=== ACTION ITEM ===
Give back every record that follows, exactly as written.

+++ DATASET RECORDS +++

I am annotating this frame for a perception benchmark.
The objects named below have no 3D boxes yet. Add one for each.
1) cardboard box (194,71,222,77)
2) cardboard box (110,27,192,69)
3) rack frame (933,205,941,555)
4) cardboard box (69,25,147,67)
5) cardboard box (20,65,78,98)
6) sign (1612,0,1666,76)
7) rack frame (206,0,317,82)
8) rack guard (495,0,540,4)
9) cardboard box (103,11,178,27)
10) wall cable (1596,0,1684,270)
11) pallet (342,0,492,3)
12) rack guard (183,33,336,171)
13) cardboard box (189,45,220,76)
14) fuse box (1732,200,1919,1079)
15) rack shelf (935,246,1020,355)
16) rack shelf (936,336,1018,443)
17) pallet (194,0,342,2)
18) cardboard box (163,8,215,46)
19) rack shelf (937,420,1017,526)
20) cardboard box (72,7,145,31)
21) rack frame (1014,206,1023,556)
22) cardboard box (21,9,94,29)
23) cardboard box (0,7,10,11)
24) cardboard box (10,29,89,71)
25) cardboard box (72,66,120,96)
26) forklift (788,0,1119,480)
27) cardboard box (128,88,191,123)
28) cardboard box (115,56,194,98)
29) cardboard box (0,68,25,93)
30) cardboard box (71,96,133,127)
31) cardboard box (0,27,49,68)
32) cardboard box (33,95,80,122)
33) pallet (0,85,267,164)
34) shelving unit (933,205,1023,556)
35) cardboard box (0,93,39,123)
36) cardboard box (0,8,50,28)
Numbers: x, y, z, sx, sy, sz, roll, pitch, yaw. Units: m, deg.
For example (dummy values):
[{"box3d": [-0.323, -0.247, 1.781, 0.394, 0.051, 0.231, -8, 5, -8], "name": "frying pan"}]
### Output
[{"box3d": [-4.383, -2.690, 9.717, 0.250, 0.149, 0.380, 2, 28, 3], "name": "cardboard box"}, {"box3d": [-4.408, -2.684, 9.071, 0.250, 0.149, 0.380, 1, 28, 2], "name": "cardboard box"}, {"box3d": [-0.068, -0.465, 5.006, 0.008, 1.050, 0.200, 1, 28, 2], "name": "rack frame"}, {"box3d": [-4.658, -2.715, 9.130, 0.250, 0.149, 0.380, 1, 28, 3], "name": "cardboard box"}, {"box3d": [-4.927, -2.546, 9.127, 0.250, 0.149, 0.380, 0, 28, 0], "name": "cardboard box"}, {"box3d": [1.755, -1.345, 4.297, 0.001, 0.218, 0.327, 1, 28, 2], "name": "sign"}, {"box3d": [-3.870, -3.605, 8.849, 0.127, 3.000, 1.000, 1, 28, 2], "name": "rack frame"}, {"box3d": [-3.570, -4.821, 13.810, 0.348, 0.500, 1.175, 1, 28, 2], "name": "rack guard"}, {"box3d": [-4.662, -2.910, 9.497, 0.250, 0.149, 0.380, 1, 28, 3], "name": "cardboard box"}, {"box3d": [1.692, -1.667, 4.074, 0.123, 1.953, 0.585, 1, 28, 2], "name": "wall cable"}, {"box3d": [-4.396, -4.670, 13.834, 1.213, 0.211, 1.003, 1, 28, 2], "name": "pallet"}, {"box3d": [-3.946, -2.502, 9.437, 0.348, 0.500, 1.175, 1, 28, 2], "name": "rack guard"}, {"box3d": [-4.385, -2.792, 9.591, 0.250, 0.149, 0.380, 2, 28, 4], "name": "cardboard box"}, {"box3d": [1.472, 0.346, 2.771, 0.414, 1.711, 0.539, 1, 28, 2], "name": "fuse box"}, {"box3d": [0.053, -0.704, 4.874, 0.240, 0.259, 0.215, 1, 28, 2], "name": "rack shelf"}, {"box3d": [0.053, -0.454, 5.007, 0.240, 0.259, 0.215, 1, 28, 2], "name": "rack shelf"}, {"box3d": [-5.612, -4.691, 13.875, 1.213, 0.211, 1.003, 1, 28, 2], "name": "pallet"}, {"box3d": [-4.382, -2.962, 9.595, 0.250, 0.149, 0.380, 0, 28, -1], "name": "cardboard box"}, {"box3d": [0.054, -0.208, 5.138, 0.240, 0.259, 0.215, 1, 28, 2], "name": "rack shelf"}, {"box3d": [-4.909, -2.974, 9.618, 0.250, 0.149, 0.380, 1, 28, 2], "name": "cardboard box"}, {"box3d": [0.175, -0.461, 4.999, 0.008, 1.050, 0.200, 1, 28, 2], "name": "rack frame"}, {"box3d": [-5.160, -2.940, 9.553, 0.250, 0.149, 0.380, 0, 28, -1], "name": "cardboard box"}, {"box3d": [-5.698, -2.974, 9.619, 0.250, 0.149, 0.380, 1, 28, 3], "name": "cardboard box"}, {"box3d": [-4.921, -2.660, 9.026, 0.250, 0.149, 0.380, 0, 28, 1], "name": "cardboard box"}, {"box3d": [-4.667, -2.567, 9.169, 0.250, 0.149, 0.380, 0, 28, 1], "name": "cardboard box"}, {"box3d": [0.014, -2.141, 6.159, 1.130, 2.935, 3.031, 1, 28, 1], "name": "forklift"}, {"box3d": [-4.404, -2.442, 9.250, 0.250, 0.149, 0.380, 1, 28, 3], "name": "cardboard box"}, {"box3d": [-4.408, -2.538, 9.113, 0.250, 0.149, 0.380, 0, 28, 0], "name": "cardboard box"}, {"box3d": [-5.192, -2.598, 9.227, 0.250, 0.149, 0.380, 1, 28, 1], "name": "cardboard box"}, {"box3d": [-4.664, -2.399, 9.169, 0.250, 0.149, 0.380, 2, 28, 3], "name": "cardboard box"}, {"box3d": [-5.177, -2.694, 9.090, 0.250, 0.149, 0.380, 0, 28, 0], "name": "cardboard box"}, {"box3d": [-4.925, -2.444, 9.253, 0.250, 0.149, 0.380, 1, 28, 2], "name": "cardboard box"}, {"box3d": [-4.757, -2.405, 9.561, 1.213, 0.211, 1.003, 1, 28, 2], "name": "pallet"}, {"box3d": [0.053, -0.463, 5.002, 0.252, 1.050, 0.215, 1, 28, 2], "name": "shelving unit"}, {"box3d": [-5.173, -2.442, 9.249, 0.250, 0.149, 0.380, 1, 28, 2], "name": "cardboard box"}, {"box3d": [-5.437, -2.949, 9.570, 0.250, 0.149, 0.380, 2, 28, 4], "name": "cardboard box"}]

+++

=== REPLY ===
I am annotating this frame for a perception benchmark.
The objects named below have no 3D boxes yet. Add one for each.
1) cardboard box (194,71,222,77)
2) cardboard box (110,27,192,69)
3) rack frame (933,205,941,555)
4) cardboard box (69,25,147,67)
5) cardboard box (20,65,78,98)
6) sign (1612,0,1666,76)
7) rack frame (206,0,317,82)
8) rack guard (495,0,540,4)
9) cardboard box (103,11,178,27)
10) wall cable (1596,0,1684,270)
11) pallet (342,0,492,3)
12) rack guard (183,33,336,171)
13) cardboard box (189,45,220,76)
14) fuse box (1732,200,1919,1079)
15) rack shelf (935,246,1020,355)
16) rack shelf (936,336,1018,443)
17) pallet (194,0,342,2)
18) cardboard box (163,8,215,46)
19) rack shelf (937,420,1017,526)
20) cardboard box (72,7,145,31)
21) rack frame (1014,206,1023,556)
22) cardboard box (21,9,94,29)
23) cardboard box (0,7,10,11)
24) cardboard box (10,29,89,71)
25) cardboard box (72,66,120,96)
26) forklift (788,0,1119,480)
27) cardboard box (128,88,191,123)
28) cardboard box (115,56,194,98)
29) cardboard box (0,68,25,93)
30) cardboard box (71,96,133,127)
31) cardboard box (0,27,49,68)
32) cardboard box (33,95,80,122)
33) pallet (0,85,267,164)
34) shelving unit (933,205,1023,556)
35) cardboard box (0,93,39,123)
36) cardboard box (0,8,50,28)
Numbers: x, y, z, sx, sy, sz, roll, pitch, yaw. Units: m, deg.
For example (dummy values):
[{"box3d": [-0.323, -0.247, 1.781, 0.394, 0.051, 0.231, -8, 5, -8], "name": "frying pan"}]
### Output
[{"box3d": [-4.383, -2.690, 9.717, 0.250, 0.149, 0.380, 2, 28, 3], "name": "cardboard box"}, {"box3d": [-4.408, -2.684, 9.071, 0.250, 0.149, 0.380, 1, 28, 2], "name": "cardboard box"}, {"box3d": [-0.068, -0.465, 5.006, 0.008, 1.050, 0.200, 1, 28, 2], "name": "rack frame"}, {"box3d": [-4.658, -2.715, 9.130, 0.250, 0.149, 0.380, 1, 28, 3], "name": "cardboard box"}, {"box3d": [-4.927, -2.546, 9.127, 0.250, 0.149, 0.380, 0, 28, 0], "name": "cardboard box"}, {"box3d": [1.755, -1.345, 4.297, 0.001, 0.218, 0.327, 1, 28, 2], "name": "sign"}, {"box3d": [-3.870, -3.605, 8.849, 0.127, 3.000, 1.000, 1, 28, 2], "name": "rack frame"}, {"box3d": [-3.570, -4.821, 13.810, 0.348, 0.500, 1.175, 1, 28, 2], "name": "rack guard"}, {"box3d": [-4.662, -2.910, 9.497, 0.250, 0.149, 0.380, 1, 28, 3], "name": "cardboard box"}, {"box3d": [1.692, -1.667, 4.074, 0.123, 1.953, 0.585, 1, 28, 2], "name": "wall cable"}, {"box3d": [-4.396, -4.670, 13.834, 1.213, 0.211, 1.003, 1, 28, 2], "name": "pallet"}, {"box3d": [-3.946, -2.502, 9.437, 0.348, 0.500, 1.175, 1, 28, 2], "name": "rack guard"}, {"box3d": [-4.385, -2.792, 9.591, 0.250, 0.149, 0.380, 2, 28, 4], "name": "cardboard box"}, {"box3d": [1.472, 0.346, 2.771, 0.414, 1.711, 0.539, 1, 28, 2], "name": "fuse box"}, {"box3d": [0.053, -0.704, 4.874, 0.240, 0.259, 0.215, 1, 28, 2], "name": "rack shelf"}, {"box3d": [0.053, -0.454, 5.007, 0.240, 0.259, 0.215, 1, 28, 2], "name": "rack shelf"}, {"box3d": [-5.612, -4.691, 13.875, 1.213, 0.211, 1.003, 1, 28, 2], "name": "pallet"}, {"box3d": [-4.382, -2.962, 9.595, 0.250, 0.149, 0.380, 0, 28, -1], "name": "cardboard box"}, {"box3d": [0.054, -0.208, 5.138, 0.240, 0.259, 0.215, 1, 28, 2], "name": "rack shelf"}, {"box3d": [-4.909, -2.974, 9.618, 0.250, 0.149, 0.380, 1, 28, 2], "name": "cardboard box"}, {"box3d": [0.175, -0.461, 4.999, 0.008, 1.050, 0.200, 1, 28, 2], "name": "rack frame"}, {"box3d": [-5.160, -2.940, 9.553, 0.250, 0.149, 0.380, 0, 28, -1], "name": "cardboard box"}, {"box3d": [-5.698, -2.974, 9.619, 0.250, 0.149, 0.380, 1, 28, 3], "name": "cardboard box"}, {"box3d": [-4.921, -2.660, 9.026, 0.250, 0.149, 0.380, 0, 28, 1], "name": "cardboard box"}, {"box3d": [-4.667, -2.567, 9.169, 0.250, 0.149, 0.380, 0, 28, 1], "name": "cardboard box"}, {"box3d": [0.014, -2.141, 6.159, 1.130, 2.935, 3.031, 1, 28, 1], "name": "forklift"}, {"box3d": [-4.404, -2.442, 9.250, 0.250, 0.149, 0.380, 1, 28, 3], "name": "cardboard box"}, {"box3d": [-4.408, -2.538, 9.113, 0.250, 0.149, 0.380, 0, 28, 0], "name": "cardboard box"}, {"box3d": [-5.192, -2.598, 9.227, 0.250, 0.149, 0.380, 1, 28, 1], "name": "cardboard box"}, {"box3d": [-4.664, -2.399, 9.169, 0.250, 0.149, 0.380, 2, 28, 3], "name": "cardboard box"}, {"box3d": [-5.177, -2.694, 9.090, 0.250, 0.149, 0.380, 0, 28, 0], "name": "cardboard box"}, {"box3d": [-4.925, -2.444, 9.253, 0.250, 0.149, 0.380, 1, 28, 2], "name": "cardboard box"}, {"box3d": [-4.757, -2.405, 9.561, 1.213, 0.211, 1.003, 1, 28, 2], "name": "pallet"}, {"box3d": [0.053, -0.463, 5.002, 0.252, 1.050, 0.215, 1, 28, 2], "name": "shelving unit"}, {"box3d": [-5.173, -2.442, 9.249, 0.250, 0.149, 0.380, 1, 28, 2], "name": "cardboard box"}, {"box3d": [-5.437, -2.949, 9.570, 0.250, 0.149, 0.380, 2, 28, 4], "name": "cardboard box"}]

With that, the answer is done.